- [Task description] Below is some data. Retype exactly the lines starting at the one with "Line((5.563000373, -0.426107736), (8.789998756, 1.543611152))" and ending at the one with "Line((19.210001244, 1.543611152), (22.436999627, -0.426107736))".

=== Records to process ===

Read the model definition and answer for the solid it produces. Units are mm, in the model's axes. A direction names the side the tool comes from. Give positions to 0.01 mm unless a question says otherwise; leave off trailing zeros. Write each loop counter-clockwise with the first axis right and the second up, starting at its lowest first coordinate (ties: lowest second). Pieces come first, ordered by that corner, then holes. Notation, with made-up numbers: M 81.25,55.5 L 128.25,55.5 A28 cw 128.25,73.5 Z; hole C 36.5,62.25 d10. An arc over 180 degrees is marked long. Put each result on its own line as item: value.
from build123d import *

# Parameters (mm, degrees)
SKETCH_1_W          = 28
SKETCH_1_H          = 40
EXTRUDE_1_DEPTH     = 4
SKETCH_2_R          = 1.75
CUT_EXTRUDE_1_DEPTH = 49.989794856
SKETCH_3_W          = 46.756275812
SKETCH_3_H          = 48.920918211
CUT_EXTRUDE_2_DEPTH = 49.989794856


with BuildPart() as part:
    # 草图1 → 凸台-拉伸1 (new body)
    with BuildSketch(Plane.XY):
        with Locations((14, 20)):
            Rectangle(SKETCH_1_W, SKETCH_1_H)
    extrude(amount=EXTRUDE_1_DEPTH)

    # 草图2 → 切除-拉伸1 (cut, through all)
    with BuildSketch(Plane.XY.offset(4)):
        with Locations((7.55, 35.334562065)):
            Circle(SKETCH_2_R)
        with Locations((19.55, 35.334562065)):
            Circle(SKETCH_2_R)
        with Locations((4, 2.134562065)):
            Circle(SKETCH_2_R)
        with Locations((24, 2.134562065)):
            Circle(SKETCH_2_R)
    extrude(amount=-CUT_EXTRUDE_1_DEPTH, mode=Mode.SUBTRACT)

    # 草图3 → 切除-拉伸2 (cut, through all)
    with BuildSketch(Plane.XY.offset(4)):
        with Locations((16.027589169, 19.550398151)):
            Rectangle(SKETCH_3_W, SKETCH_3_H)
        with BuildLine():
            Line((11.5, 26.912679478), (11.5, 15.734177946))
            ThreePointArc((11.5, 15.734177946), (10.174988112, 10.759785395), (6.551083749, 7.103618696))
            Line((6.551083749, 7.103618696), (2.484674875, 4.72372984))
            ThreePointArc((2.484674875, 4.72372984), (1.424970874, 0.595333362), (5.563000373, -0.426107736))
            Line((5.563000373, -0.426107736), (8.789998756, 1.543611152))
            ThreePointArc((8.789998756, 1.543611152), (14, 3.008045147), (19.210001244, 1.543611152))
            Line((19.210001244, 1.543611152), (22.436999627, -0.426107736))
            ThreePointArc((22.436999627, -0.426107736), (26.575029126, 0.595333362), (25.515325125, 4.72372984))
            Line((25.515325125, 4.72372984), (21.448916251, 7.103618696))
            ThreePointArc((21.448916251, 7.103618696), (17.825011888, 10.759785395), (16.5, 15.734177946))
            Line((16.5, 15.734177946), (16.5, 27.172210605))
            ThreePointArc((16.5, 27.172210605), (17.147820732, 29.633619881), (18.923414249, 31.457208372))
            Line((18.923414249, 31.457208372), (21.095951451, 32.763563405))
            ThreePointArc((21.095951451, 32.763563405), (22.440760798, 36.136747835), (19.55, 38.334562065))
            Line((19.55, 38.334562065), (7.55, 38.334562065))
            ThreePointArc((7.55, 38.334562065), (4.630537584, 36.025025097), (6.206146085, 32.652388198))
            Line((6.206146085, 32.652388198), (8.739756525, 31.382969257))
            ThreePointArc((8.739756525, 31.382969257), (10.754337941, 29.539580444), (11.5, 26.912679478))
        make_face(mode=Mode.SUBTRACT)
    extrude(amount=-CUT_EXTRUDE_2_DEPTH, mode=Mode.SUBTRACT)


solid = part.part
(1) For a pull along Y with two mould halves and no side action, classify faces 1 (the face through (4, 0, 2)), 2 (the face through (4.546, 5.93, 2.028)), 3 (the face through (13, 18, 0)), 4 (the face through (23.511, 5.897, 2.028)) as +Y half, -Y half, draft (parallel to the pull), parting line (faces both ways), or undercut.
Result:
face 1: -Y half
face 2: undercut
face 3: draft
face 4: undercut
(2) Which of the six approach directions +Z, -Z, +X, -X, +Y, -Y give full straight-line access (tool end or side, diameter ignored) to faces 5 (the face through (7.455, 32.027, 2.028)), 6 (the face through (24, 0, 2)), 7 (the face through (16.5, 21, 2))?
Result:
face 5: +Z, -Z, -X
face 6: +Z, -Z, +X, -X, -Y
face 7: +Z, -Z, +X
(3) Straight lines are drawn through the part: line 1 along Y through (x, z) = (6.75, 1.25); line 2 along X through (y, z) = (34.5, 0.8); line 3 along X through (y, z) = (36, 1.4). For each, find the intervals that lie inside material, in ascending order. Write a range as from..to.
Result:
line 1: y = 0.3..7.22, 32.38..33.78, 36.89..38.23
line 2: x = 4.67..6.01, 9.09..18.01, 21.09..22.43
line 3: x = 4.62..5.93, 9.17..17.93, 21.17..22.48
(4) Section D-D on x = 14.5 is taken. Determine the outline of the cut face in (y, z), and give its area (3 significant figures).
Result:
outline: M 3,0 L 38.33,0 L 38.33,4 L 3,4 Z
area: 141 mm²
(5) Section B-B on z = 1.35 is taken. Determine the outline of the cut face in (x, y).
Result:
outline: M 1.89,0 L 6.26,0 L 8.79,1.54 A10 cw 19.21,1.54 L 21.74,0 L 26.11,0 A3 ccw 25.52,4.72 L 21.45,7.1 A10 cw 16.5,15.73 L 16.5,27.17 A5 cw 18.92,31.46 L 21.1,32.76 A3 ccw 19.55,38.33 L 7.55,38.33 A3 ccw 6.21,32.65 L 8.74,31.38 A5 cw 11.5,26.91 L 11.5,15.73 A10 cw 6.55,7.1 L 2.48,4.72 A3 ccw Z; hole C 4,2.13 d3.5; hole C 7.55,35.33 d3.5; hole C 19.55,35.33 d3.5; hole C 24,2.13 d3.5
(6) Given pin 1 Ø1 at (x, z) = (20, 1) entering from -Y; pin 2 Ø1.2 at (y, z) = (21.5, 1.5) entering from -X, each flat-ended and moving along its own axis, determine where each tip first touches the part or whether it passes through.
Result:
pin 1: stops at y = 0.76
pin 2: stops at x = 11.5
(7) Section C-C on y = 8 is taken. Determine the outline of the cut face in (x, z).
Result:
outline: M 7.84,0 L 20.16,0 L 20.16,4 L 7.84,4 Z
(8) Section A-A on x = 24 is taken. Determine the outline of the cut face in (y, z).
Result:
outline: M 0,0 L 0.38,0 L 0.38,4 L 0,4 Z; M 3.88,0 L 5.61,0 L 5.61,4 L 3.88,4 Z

===

- [Answer below]
            Line((5.563000373, -0.426107736), (8.789998756, 1.543611152))
            ThreePointArc((8.789998756, 1.543611152), (14, 3.008045147), (19.210001244, 1.543611152))
            Line((19.210001244, 1.543611152), (22.436999627, -0.426107736))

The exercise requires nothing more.